Nostalgia is associated with a yearning for the past, its personalities, possibilities, and events, especially the "good ol' days" or a "warm childhood".[5]

The scientific literature on nostalgia usually refers to nostalgia regarding the personal life and has mainly studied the effects of nostalgia induced during the studies. Smell and touch are strong evokers of nostalgia due to the processing of these stimuli first passing through the amygdala, the emotional seat of the brain. These recollections of one's past are usually important events, people one cares about, and places where one has spent time.
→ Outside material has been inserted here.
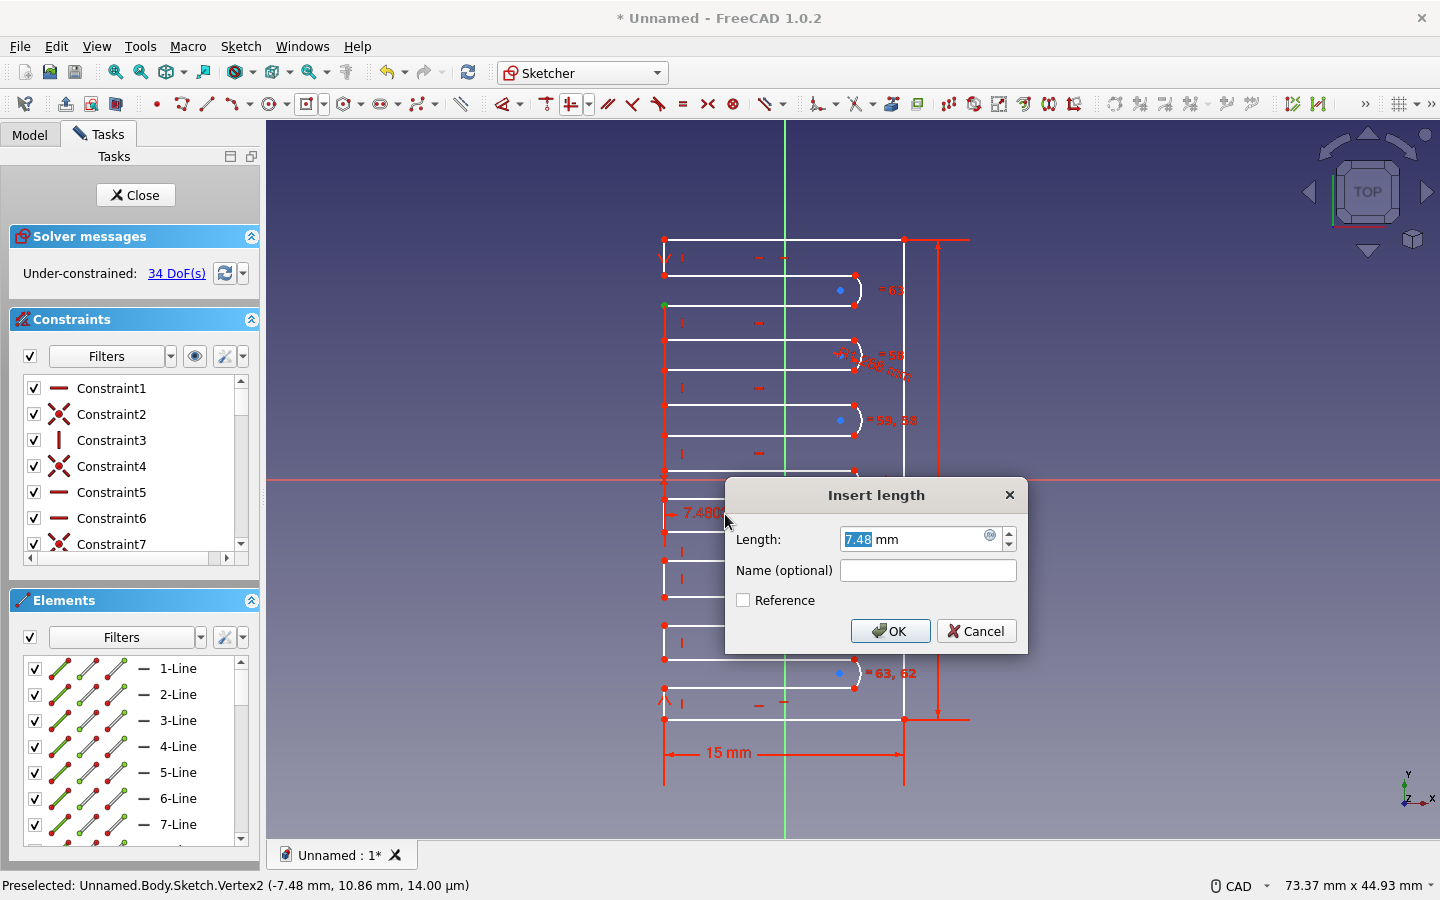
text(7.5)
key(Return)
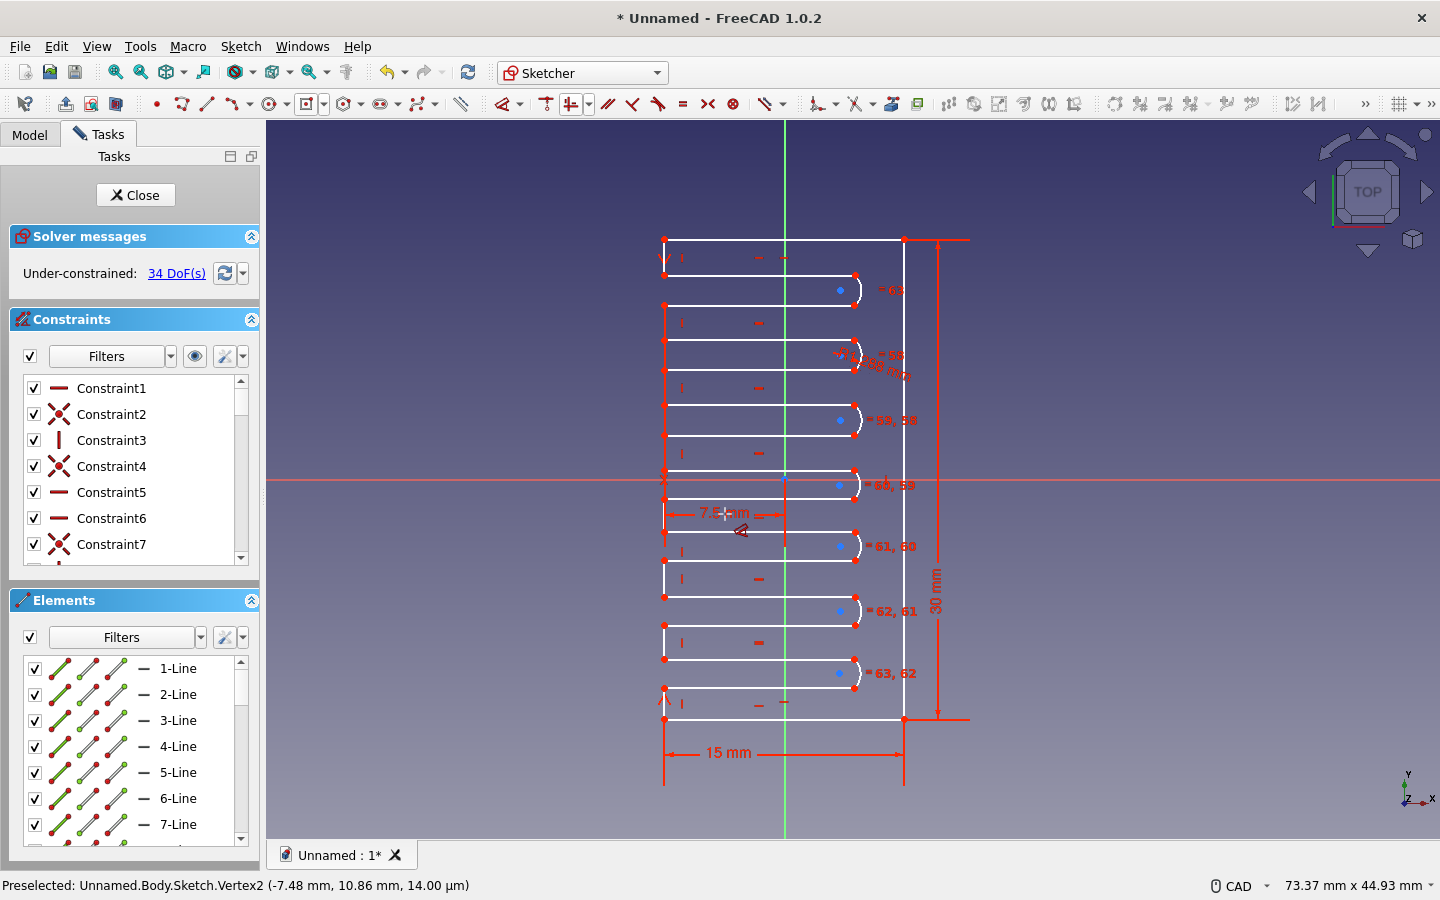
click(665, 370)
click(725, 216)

Music[6] and weather[7] can also be strong triggers of nostalgia.

Functions

Nostalgia's definition has changed greatly over time. Consistent with its Greek word roots meaning "homecoming" and "pain," nostalgia was for centuries considered a potentially debilitating and sometimes fatal medical condition expressing extreme homesickness.[4] The modern view is that nostalgia is an independent, and even positive, emotion that many people experience often. Nostalgia has been found to have important psychological functions, such as to improve mood, increase social connectedness, enhance positive self-regard, and provide existential meaning.[8] Many nostalgic reflections serve more than one function, and overall seem to benefit those who experience them. Such benefits may lead to a chronic disposition or personality trait of "nostalgia proneness."[9][10] Nostalgia has also been associated with learning and memory consolidation.[11]

Improve mood

Although nostalgia is often triggered by negative feelings, it results in increasing one's mood and heightening positive emotions, which can stem from feelings of warmth or coping resulting from nostalgic reflections. One way to improve mood is to effectively cope with problems that hinder one's happiness. Batcho (2013) found that nostalgia proneness positively related to successful methods of coping throughout all stages—planning and implementing strategies, and reframing the issue positively. These studies led to the conclusion that the coping strategies that are likely among nostalgia-prone people often lead to benefits during stressful times. Nostalgia can be connected to more focus on coping strategies and implementing them, thus increasing support in challenging times.[12]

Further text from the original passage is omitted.